Number of ways to find $4$ positive integers less than or equal to $25$ with gap of at least $3$ between those integers

Question

In how many ways you can make an unordered selection of four positive integers each less than or equal $25$ such that every pair of selected integers differ by at least $3$, i.e. for any two such integers $a$ and $b$, $d(a,b) = |a-b| \geq 3 $?

We can choose $x_1$ in 25 no of ways. We cannot choose $x_2$ to be $x_1-2$,$x_1-1$,$x_1$,$x_1+1$ or$x_1+2$. If $x_1$ is between 3 to 23, we choose $x_2$ in 20 ways. If $x_1 = 2$ or $x_1 = 24$, then no of ways is 21 and $x_1 = 1$ or $x_1 = 25$, then no of ways is 22 ways. While choosing $x_3$, there will be more such cases. Now I'm completely lost.

Answer 1

Imagine the integers as four balls, arrange them in a line, and glue two dummy balls to the right of the first three of them. That's $10$ balls in $4$ units; now add $15$ more balls, which makes $25$ balls and $19$ units. There are $\binom{19}4=3876$ ways to choose positions for the $4$ original units among the $19$ units, and they correspond to the solutions for your problem.

Answer 2

Suppose the selected numbers are $a_1, a_2, a_3, a_4$, where $a_1 \leq a_2 \leq a_3 \leq a_4$. Let \begin{align*} x_1 & = a_1\\ x_2 & = a_2 - a_1\\ x_3 & = a_3 - a_2\\ x_4 & = a_4 - a_3\\ x_5 & = 25 - a_4 \end{align*} Then $$x_1 + x_2 + x_3 + x_4 + x_5 = 25 \tag{1}$$ where $x_1 \geq 1$, $x_2 \geq 3$, $x_3 \geq 3$, $x_4 \geq 3$, and $x_5 \geq 0$.

Let \begin{align*} x_1' & = x_1 - 1\\ x_2' & = x_2 - 3\\ x_3' & = x_3 - 3\\ x_4' & = x_4 - 3\\ x_5' & = x_5 \end{align*} Then each $x_i'$ is a nonnegative integer.

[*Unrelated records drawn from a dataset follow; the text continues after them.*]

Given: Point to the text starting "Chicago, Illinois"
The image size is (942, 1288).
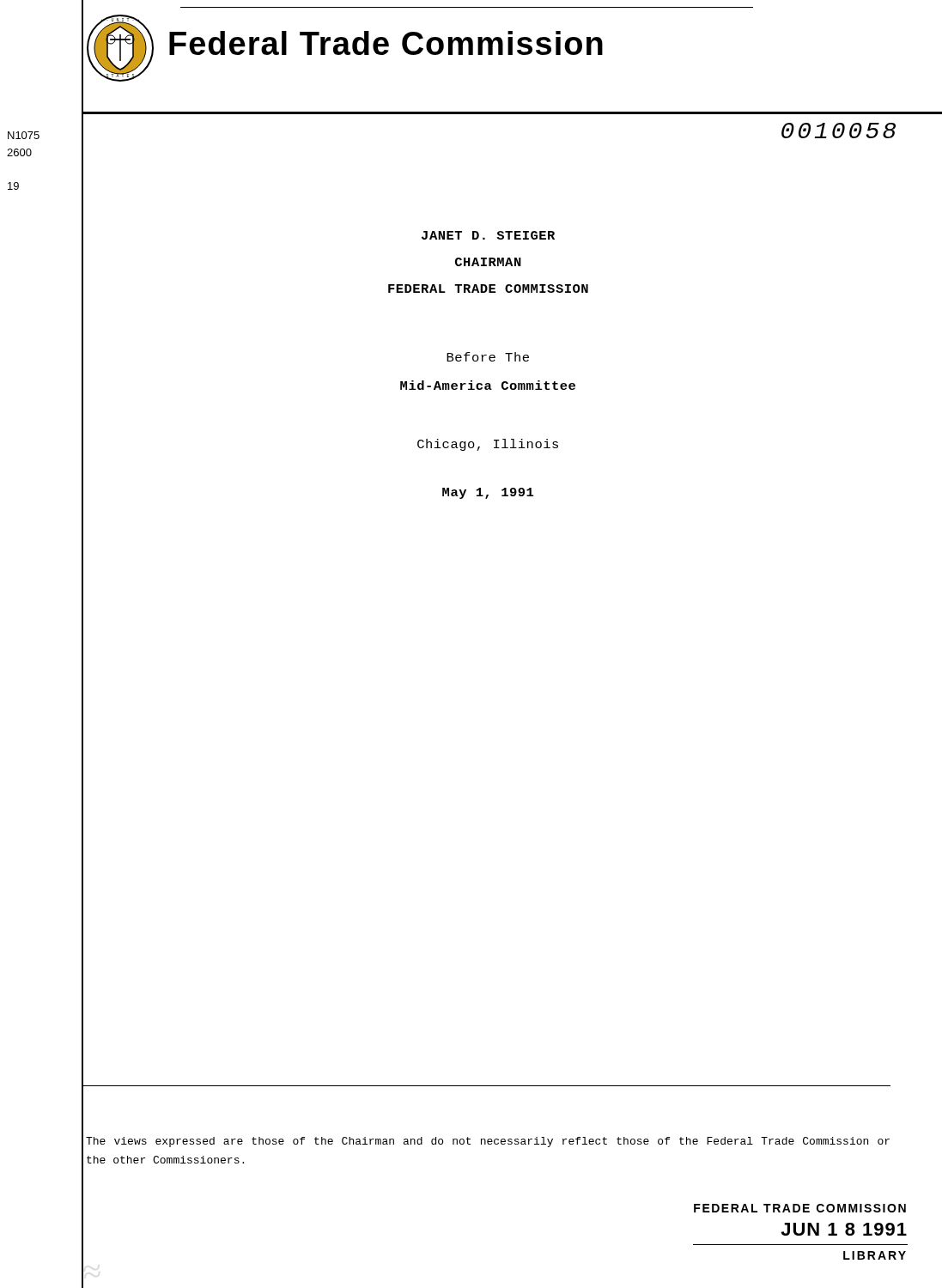Looking at the screenshot, I should click(488, 445).
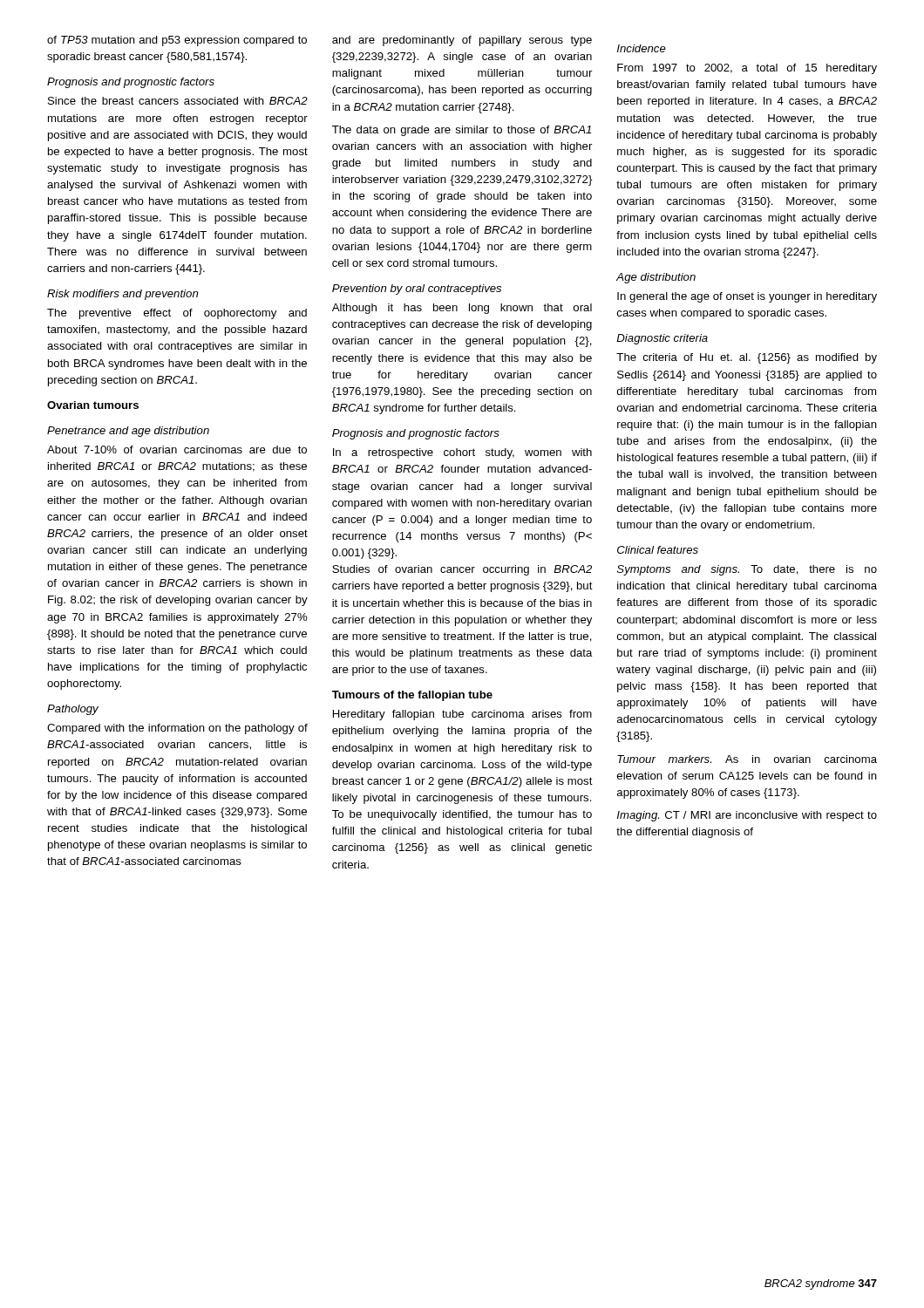
Task: Navigate to the element starting "Diagnostic criteria"
Action: pos(662,339)
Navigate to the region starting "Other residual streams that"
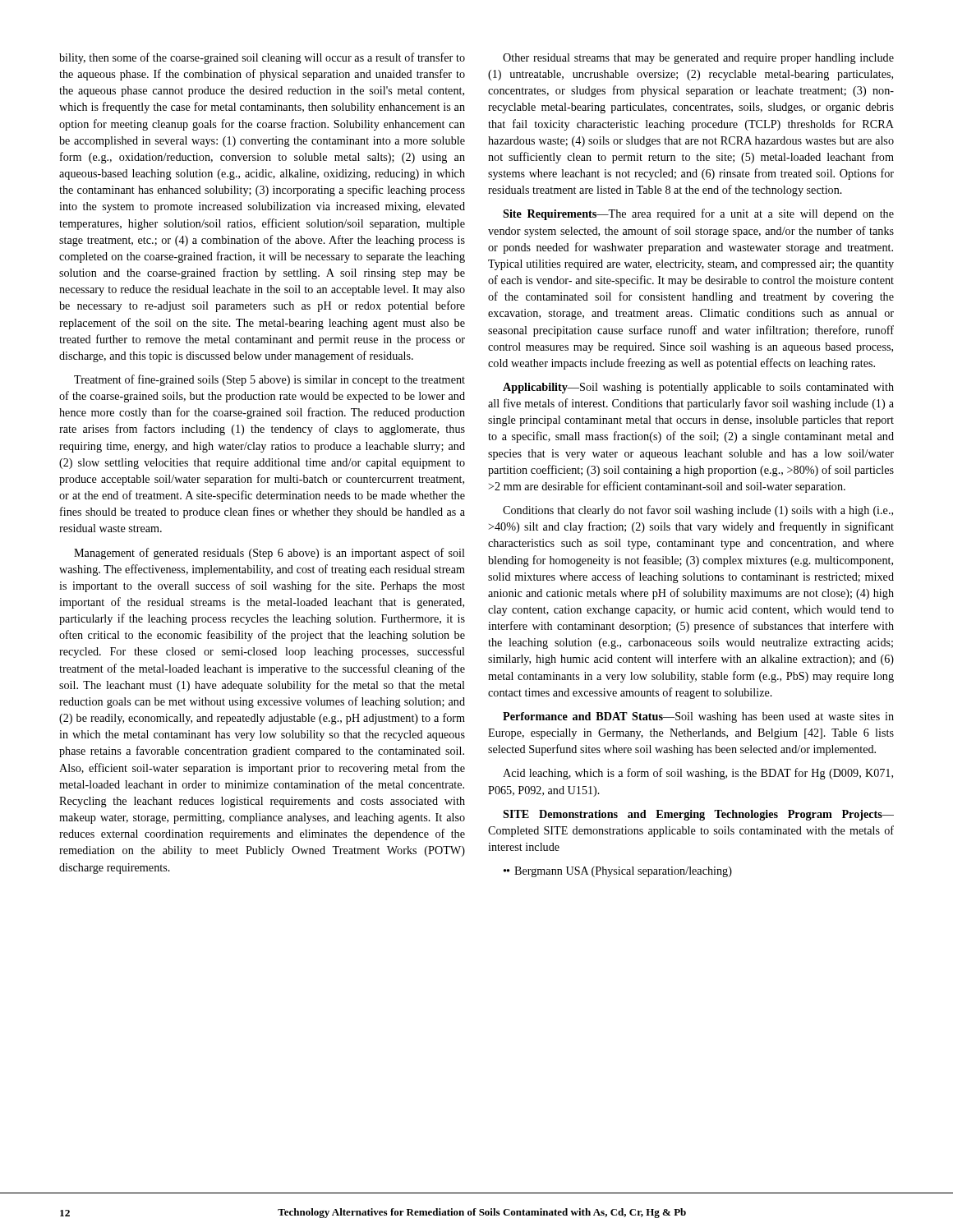Viewport: 953px width, 1232px height. 691,124
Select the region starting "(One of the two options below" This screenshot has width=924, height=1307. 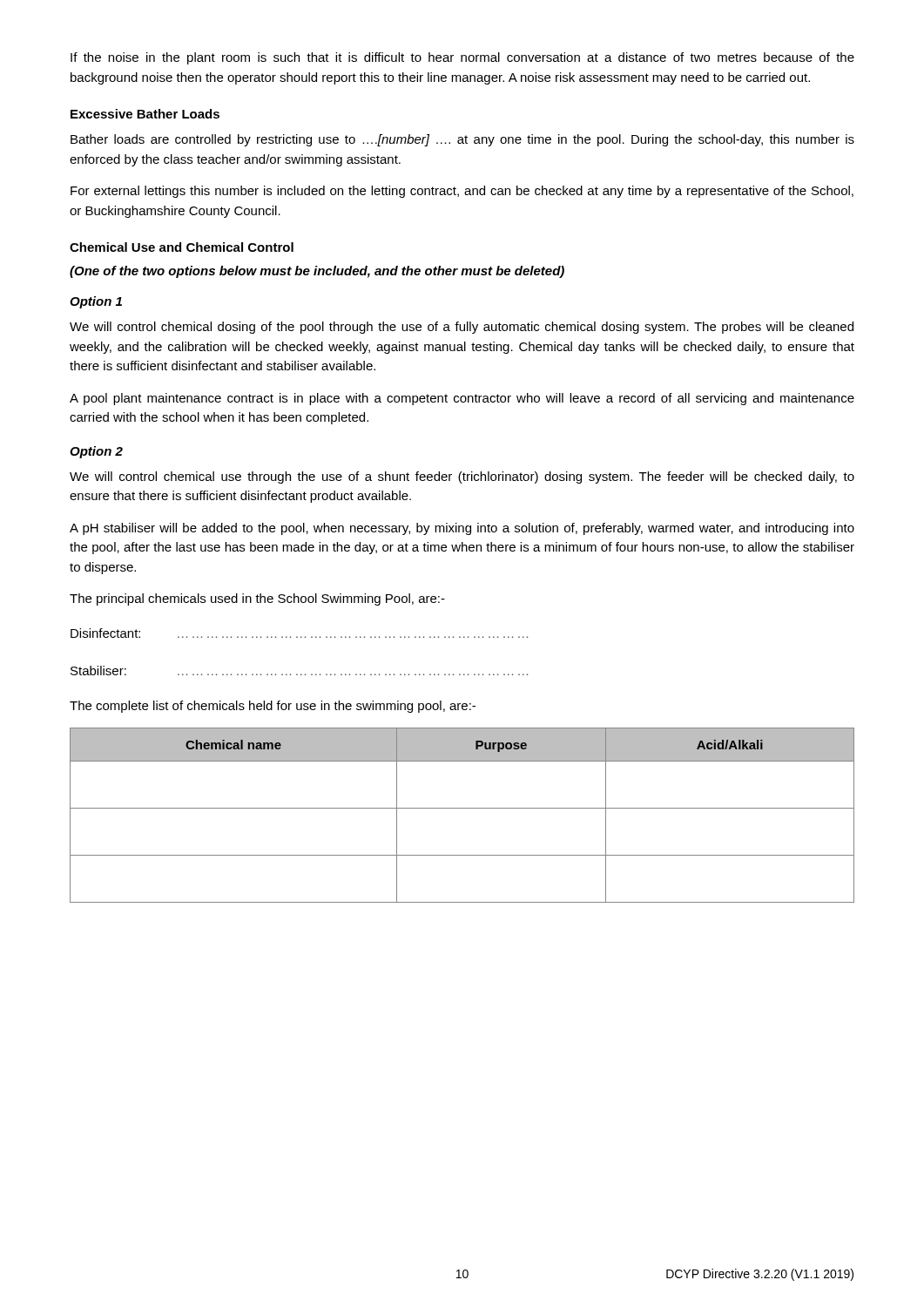[317, 271]
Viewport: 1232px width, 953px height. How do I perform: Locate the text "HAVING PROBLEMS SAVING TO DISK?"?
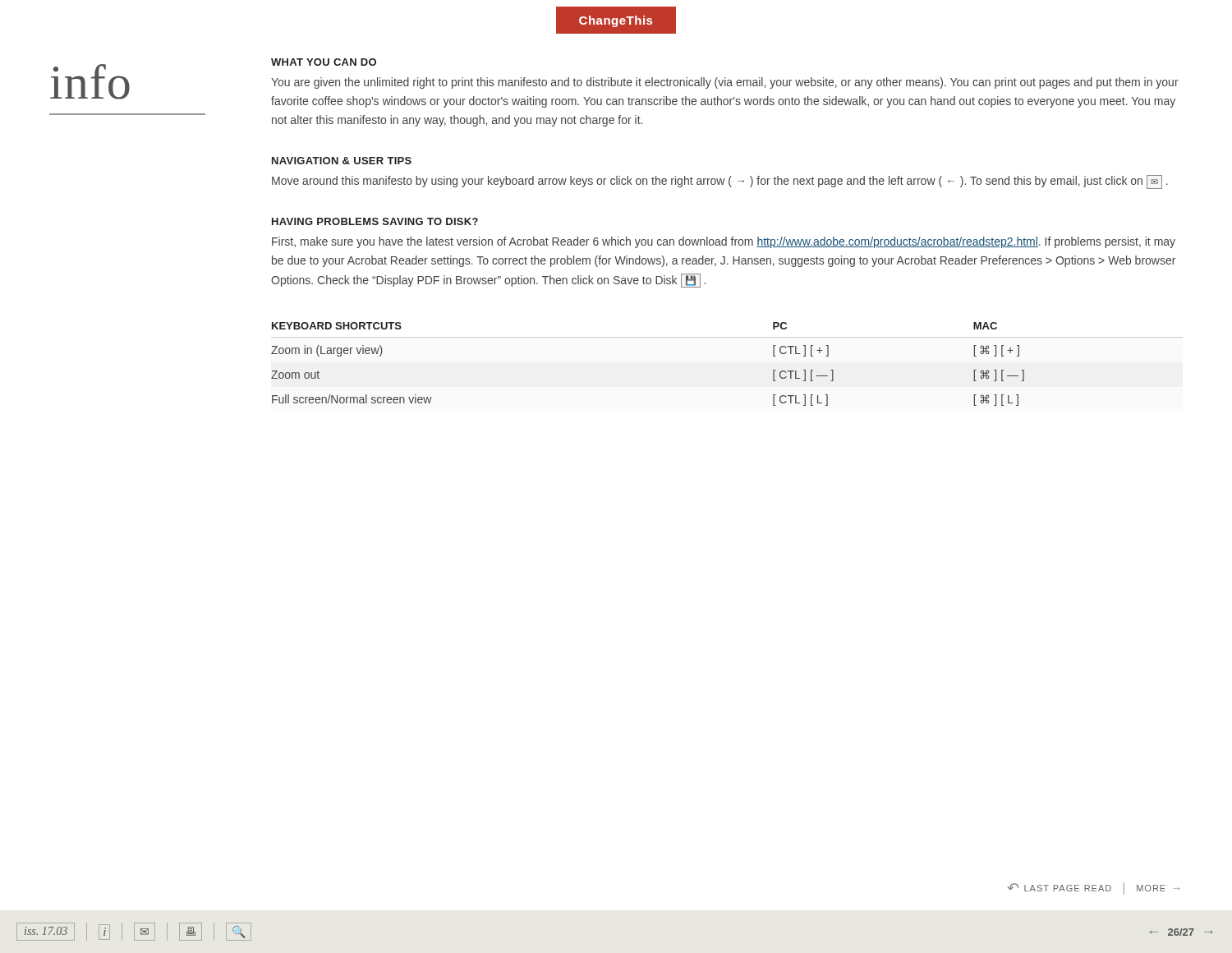[x=375, y=222]
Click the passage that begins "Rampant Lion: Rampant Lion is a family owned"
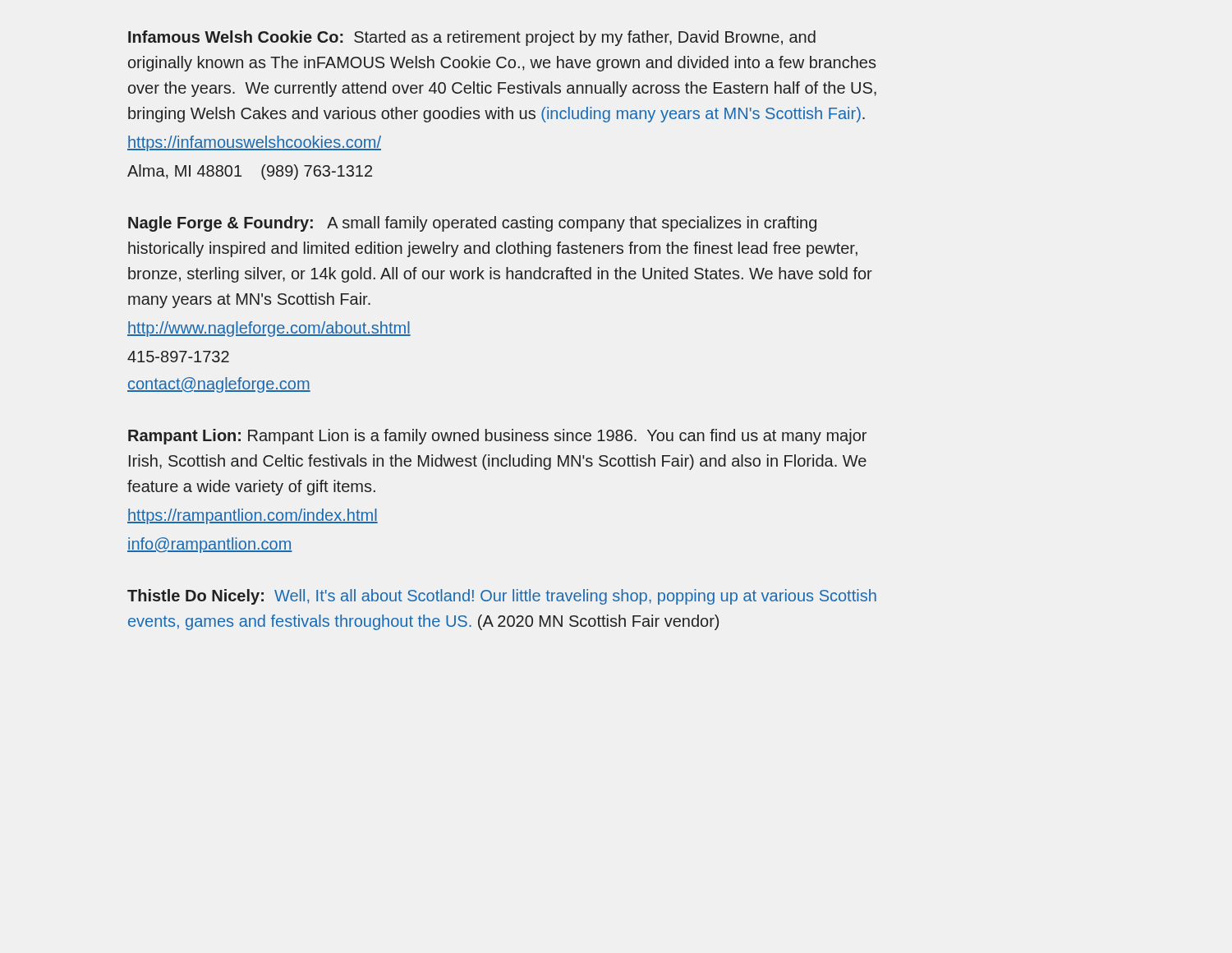Image resolution: width=1232 pixels, height=953 pixels. 497,437
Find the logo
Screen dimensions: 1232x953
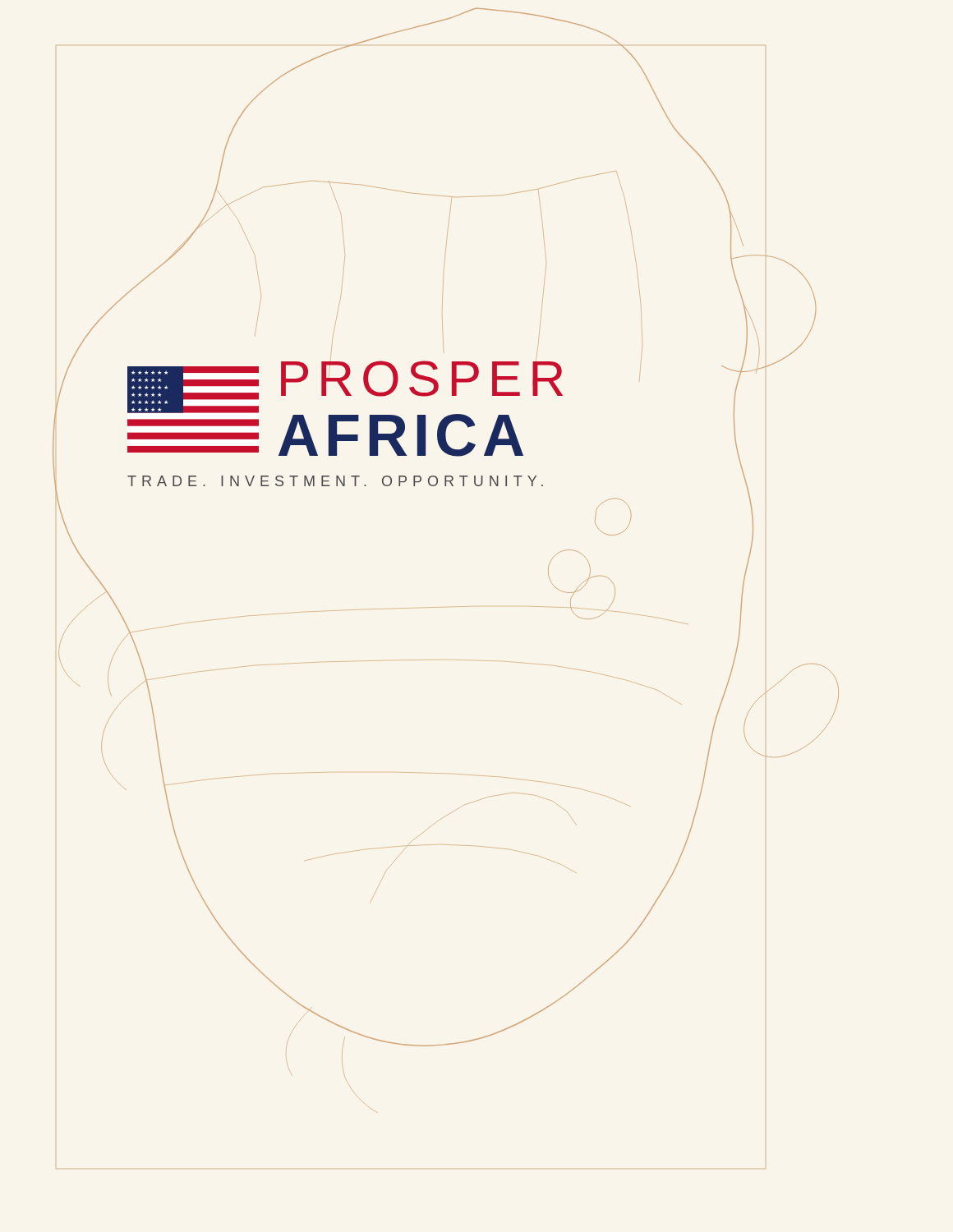coord(382,422)
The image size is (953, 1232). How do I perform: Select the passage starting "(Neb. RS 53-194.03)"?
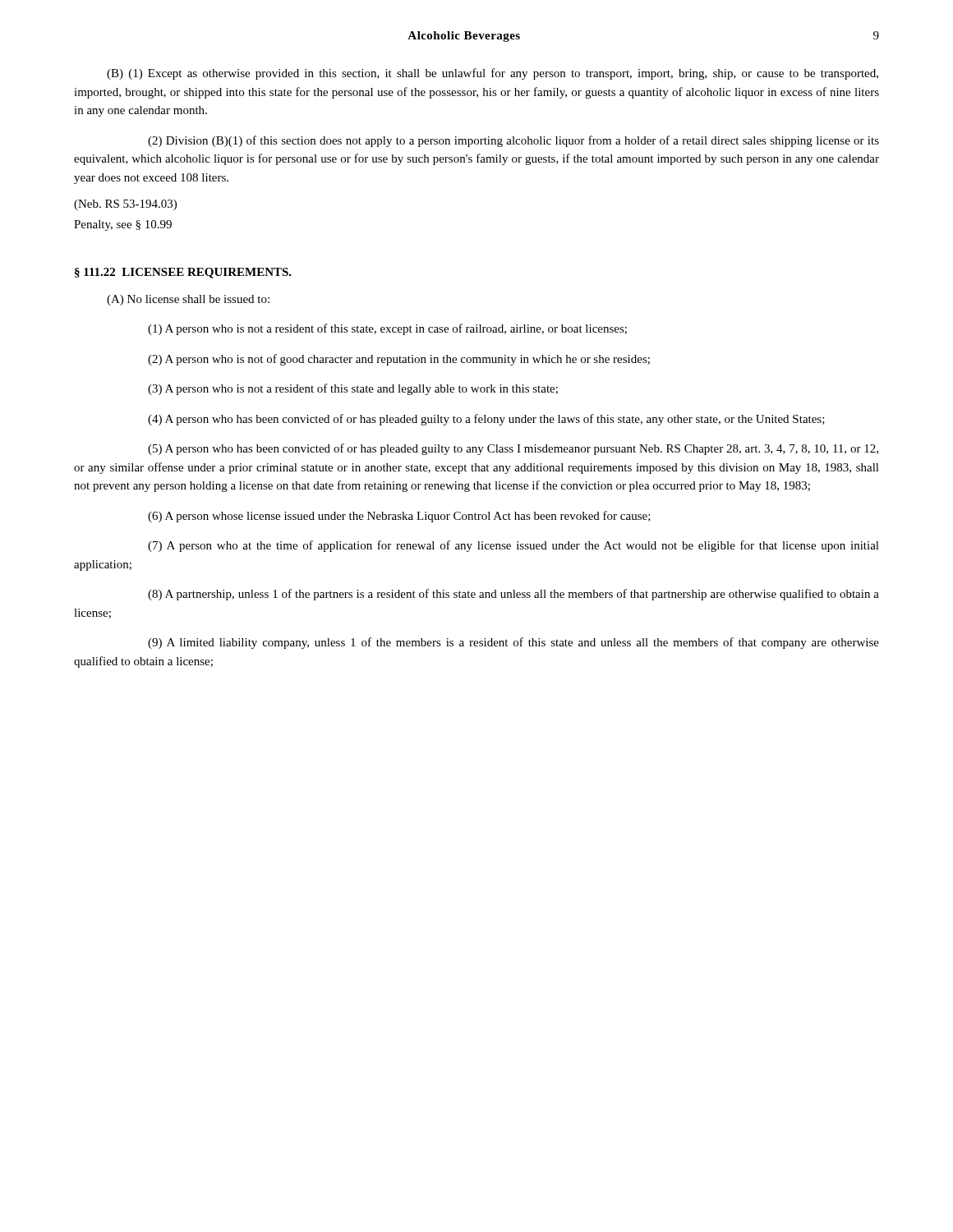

Substituting $x_1' + 1$ for $x_1$, $x_2' + 3$ for $x_2$, $x_3' + 3$ for $x_3$, $x_4' + 3$ for $x_4$, and $x_5'$ for $x_5$ in equation 1 yields \begin{align*} x_1' + 1 + x_2' + 3 + x_3' + 3 + x_4' + 3 + x_5' & = 25\\ x_1' + x_2' + x_3' + x_4' + x_5' & = 15 \tag{2} \end{align*} Equation 2 is an equation in the nonnegative integers. A particular solution of equation 2 corresponds to the placement of four addition signs in a row of fifteen ones. For instance, $$1 1 + 1 1 1 1 1 + + 1 1 1 1 1 1 1 + 1$$ corresponds to the solution $x_1' = 2$, $x_2' = 5$, $x_3' = 0$, $x_4' = 7$, $x_5' = 1$ (which corresponds to the solution $x_1 = 3$, $x_2 = 8$, $x_3 = 3$, $x_4 = 10$, $x_5 = 1$ and the selection $a_1 = 3$, $a_2 = 11$, $a_3 = 14$, $a_4 = 24$). The number of solutions of equation 2 is $$\binom{15 + 5 - 1}{5 - 1} = \binom{19}{4}$$ since we must select which four of the nineteen positions required for fifteen ones and four addition signs must be filled with addition signs. Thus, there are $\binom{19}{4}$ ways to make an admissible selection.

To see why, line up nineteen balls, each of a different color, none of which is red. Choose four of those nineteen balls. Next, insert two red balls to the immediate right of each of three leftmost selected balls. Finally, number the balls from left to right. The numbers on the four balls that were originally selected constitute the desired set of four balls selected from the first $25$ positive integers in which each pair of successive numbers differ by at least three.